[TASK DESCRIPTION]
Give back a single figure: the number of lines in the entries below that contain "opacity".

Records excerpted from a collection:
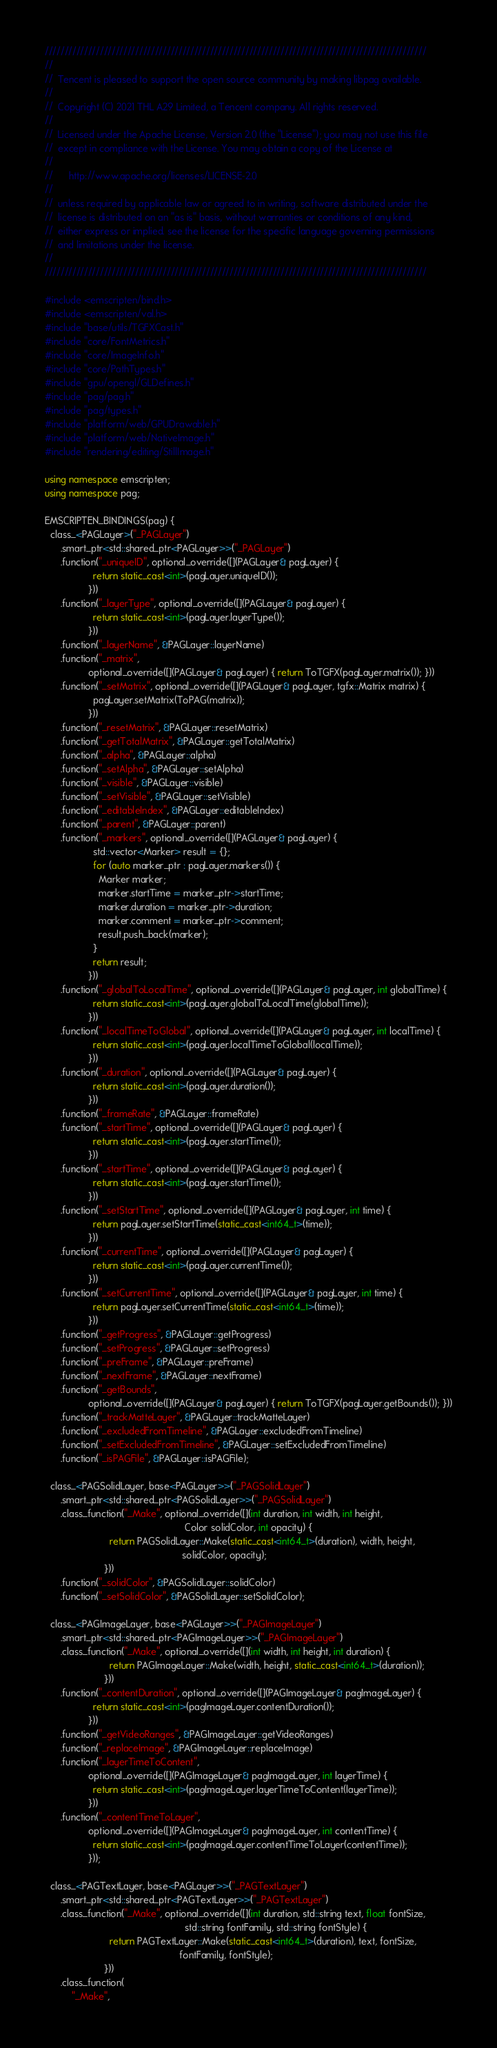Convert code to text. <code><loc_0><loc_0><loc_500><loc_500><_C++_>/////////////////////////////////////////////////////////////////////////////////////////////////
//
//  Tencent is pleased to support the open source community by making libpag available.
//
//  Copyright (C) 2021 THL A29 Limited, a Tencent company. All rights reserved.
//
//  Licensed under the Apache License, Version 2.0 (the "License"); you may not use this file
//  except in compliance with the License. You may obtain a copy of the License at
//
//      http://www.apache.org/licenses/LICENSE-2.0
//
//  unless required by applicable law or agreed to in writing, software distributed under the
//  license is distributed on an "as is" basis, without warranties or conditions of any kind,
//  either express or implied. see the license for the specific language governing permissions
//  and limitations under the license.
//
/////////////////////////////////////////////////////////////////////////////////////////////////

#include <emscripten/bind.h>
#include <emscripten/val.h>
#include "base/utils/TGFXCast.h"
#include "core/FontMetrics.h"
#include "core/ImageInfo.h"
#include "core/PathTypes.h"
#include "gpu/opengl/GLDefines.h"
#include "pag/pag.h"
#include "pag/types.h"
#include "platform/web/GPUDrawable.h"
#include "platform/web/NativeImage.h"
#include "rendering/editing/StillImage.h"

using namespace emscripten;
using namespace pag;

EMSCRIPTEN_BINDINGS(pag) {
  class_<PAGLayer>("_PAGLayer")
      .smart_ptr<std::shared_ptr<PAGLayer>>("_PAGLayer")
      .function("_uniqueID", optional_override([](PAGLayer& pagLayer) {
                  return static_cast<int>(pagLayer.uniqueID());
                }))
      .function("_layerType", optional_override([](PAGLayer& pagLayer) {
                  return static_cast<int>(pagLayer.layerType());
                }))
      .function("_layerName", &PAGLayer::layerName)
      .function("_matrix",
                optional_override([](PAGLayer& pagLayer) { return ToTGFX(pagLayer.matrix()); }))
      .function("_setMatrix", optional_override([](PAGLayer& pagLayer, tgfx::Matrix matrix) {
                  pagLayer.setMatrix(ToPAG(matrix));
                }))
      .function("_resetMatrix", &PAGLayer::resetMatrix)
      .function("_getTotalMatrix", &PAGLayer::getTotalMatrix)
      .function("_alpha", &PAGLayer::alpha)
      .function("_setAlpha", &PAGLayer::setAlpha)
      .function("_visible", &PAGLayer::visible)
      .function("_setVisible", &PAGLayer::setVisible)
      .function("_editableIndex", &PAGLayer::editableIndex)
      .function("_parent", &PAGLayer::parent)
      .function("_markers", optional_override([](PAGLayer& pagLayer) {
                  std::vector<Marker> result = {};
                  for (auto marker_ptr : pagLayer.markers()) {
                    Marker marker;
                    marker.startTime = marker_ptr->startTime;
                    marker.duration = marker_ptr->duration;
                    marker.comment = marker_ptr->comment;
                    result.push_back(marker);
                  }
                  return result;
                }))
      .function("_globalToLocalTime", optional_override([](PAGLayer& pagLayer, int globalTime) {
                  return static_cast<int>(pagLayer.globalToLocalTime(globalTime));
                }))
      .function("_localTimeToGlobal", optional_override([](PAGLayer& pagLayer, int localTime) {
                  return static_cast<int>(pagLayer.localTimeToGlobal(localTime));
                }))
      .function("_duration", optional_override([](PAGLayer& pagLayer) {
                  return static_cast<int>(pagLayer.duration());
                }))
      .function("_frameRate", &PAGLayer::frameRate)
      .function("_startTime", optional_override([](PAGLayer& pagLayer) {
                  return static_cast<int>(pagLayer.startTime());
                }))
      .function("_startTime", optional_override([](PAGLayer& pagLayer) {
                  return static_cast<int>(pagLayer.startTime());
                }))
      .function("_setStartTime", optional_override([](PAGLayer& pagLayer, int time) {
                  return pagLayer.setStartTime(static_cast<int64_t>(time));
                }))
      .function("_currentTime", optional_override([](PAGLayer& pagLayer) {
                  return static_cast<int>(pagLayer.currentTime());
                }))
      .function("_setCurrentTime", optional_override([](PAGLayer& pagLayer, int time) {
                  return pagLayer.setCurrentTime(static_cast<int64_t>(time));
                }))
      .function("_getProgress", &PAGLayer::getProgress)
      .function("_setProgress", &PAGLayer::setProgress)
      .function("_preFrame", &PAGLayer::preFrame)
      .function("_nextFrame", &PAGLayer::nextFrame)
      .function("_getBounds",
                optional_override([](PAGLayer& pagLayer) { return ToTGFX(pagLayer.getBounds()); }))
      .function("_trackMatteLayer", &PAGLayer::trackMatteLayer)
      .function("_excludedFromTimeline", &PAGLayer::excludedFromTimeline)
      .function("_setExcludedFromTimeline", &PAGLayer::setExcludedFromTimeline)
      .function("_isPAGFile", &PAGLayer::isPAGFile);

  class_<PAGSolidLayer, base<PAGLayer>>("_PAGSolidLayer")
      .smart_ptr<std::shared_ptr<PAGSolidLayer>>("_PAGSolidLayer")
      .class_function("_Make", optional_override([](int duration, int width, int height,
                                                    Color solidColor, int opacity) {
                        return PAGSolidLayer::Make(static_cast<int64_t>(duration), width, height,
                                                   solidColor, opacity);
                      }))
      .function("_solidColor", &PAGSolidLayer::solidColor)
      .function("_setSolidColor", &PAGSolidLayer::setSolidColor);

  class_<PAGImageLayer, base<PAGLayer>>("_PAGImageLayer")
      .smart_ptr<std::shared_ptr<PAGImageLayer>>("_PAGImageLayer")
      .class_function("_Make", optional_override([](int width, int height, int duration) {
                        return PAGImageLayer::Make(width, height, static_cast<int64_t>(duration));
                      }))
      .function("_contentDuration", optional_override([](PAGImageLayer& pagImageLayer) {
                  return static_cast<int>(pagImageLayer.contentDuration());
                }))
      .function("_getVideoRanges", &PAGImageLayer::getVideoRanges)
      .function("_replaceImage", &PAGImageLayer::replaceImage)
      .function("_layerTimeToContent",
                optional_override([](PAGImageLayer& pagImageLayer, int layerTime) {
                  return static_cast<int>(pagImageLayer.layerTimeToContent(layerTime));
                }))
      .function("_contentTimeToLayer",
                optional_override([](PAGImageLayer& pagImageLayer, int contentTime) {
                  return static_cast<int>(pagImageLayer.contentTimeToLayer(contentTime));
                }));

  class_<PAGTextLayer, base<PAGLayer>>("_PAGTextLayer")
      .smart_ptr<std::shared_ptr<PAGTextLayer>>("_PAGTextLayer")
      .class_function("_Make", optional_override([](int duration, std::string text, float fontSize,
                                                    std::string fontFamily, std::string fontStyle) {
                        return PAGTextLayer::Make(static_cast<int64_t>(duration), text, fontSize,
                                                  fontFamily, fontStyle);
                      }))
      .class_function(
          "_Make",</code> 
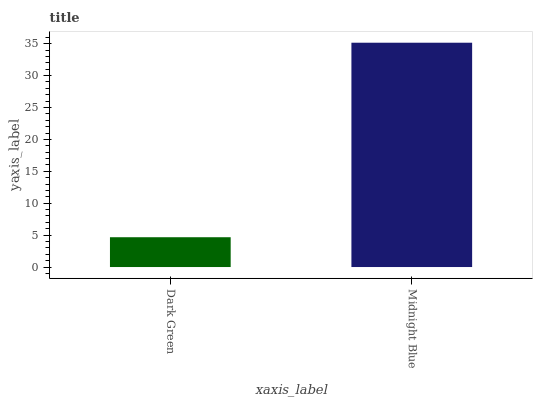Is Midnight Blue the minimum?
Answer yes or no. No. Is Midnight Blue greater than Dark Green?
Answer yes or no. Yes. Is Dark Green less than Midnight Blue?
Answer yes or no. Yes. Is Dark Green greater than Midnight Blue?
Answer yes or no. No. Is Midnight Blue less than Dark Green?
Answer yes or no. No. Is Midnight Blue the high median?
Answer yes or no. Yes. Is Dark Green the low median?
Answer yes or no. Yes. Is Dark Green the high median?
Answer yes or no. No. Is Midnight Blue the low median?
Answer yes or no. No. 
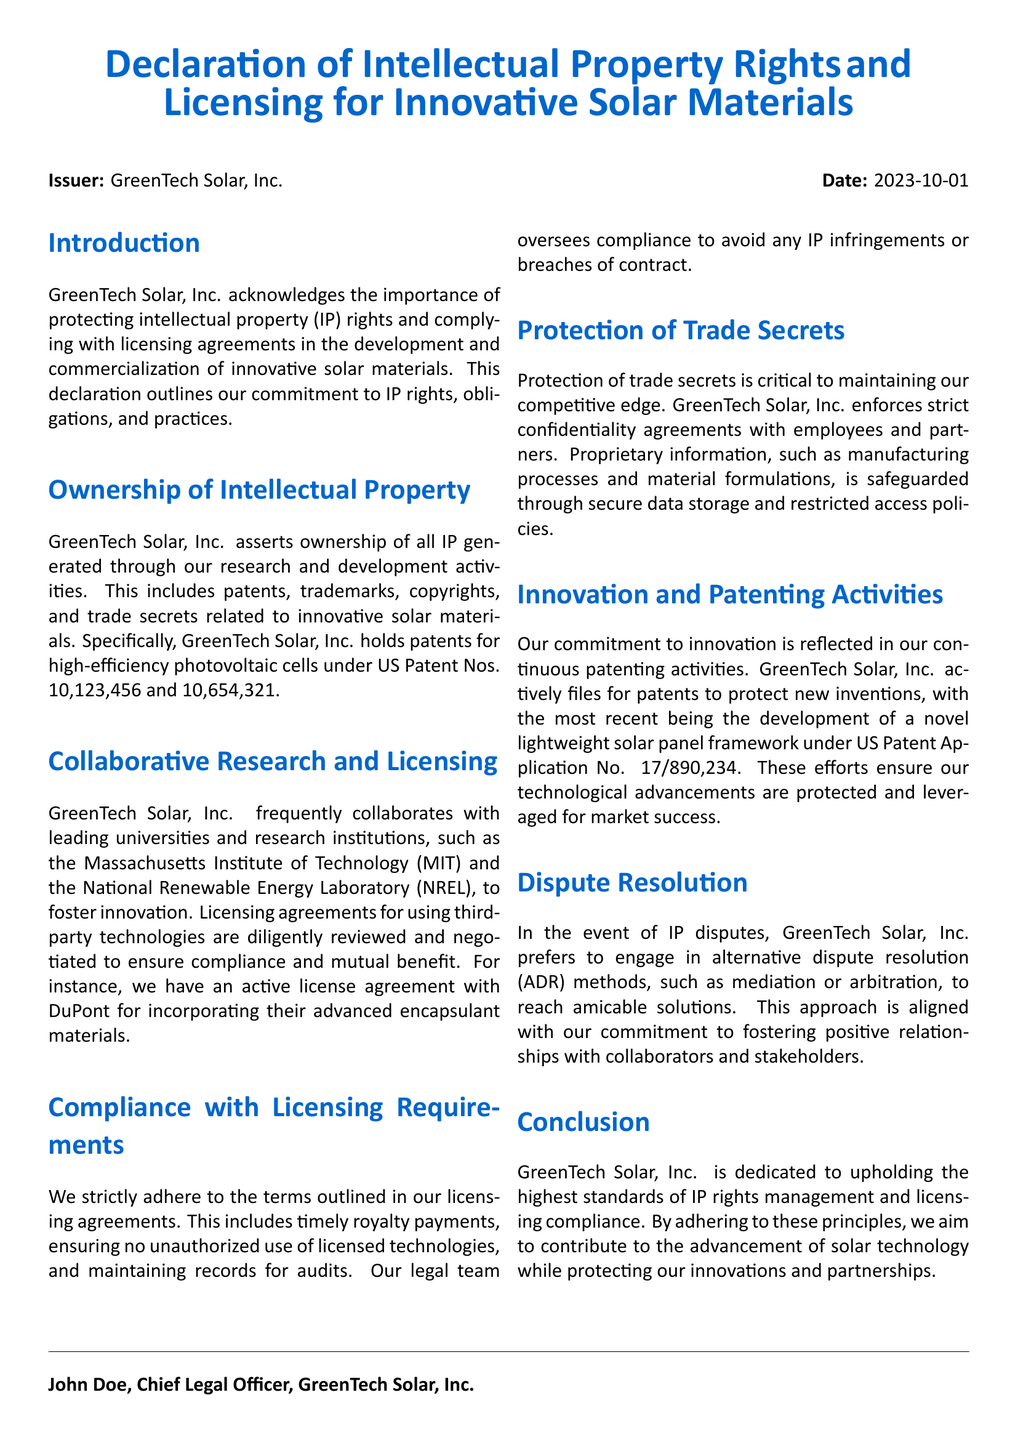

[EXERCISE RESULT]
2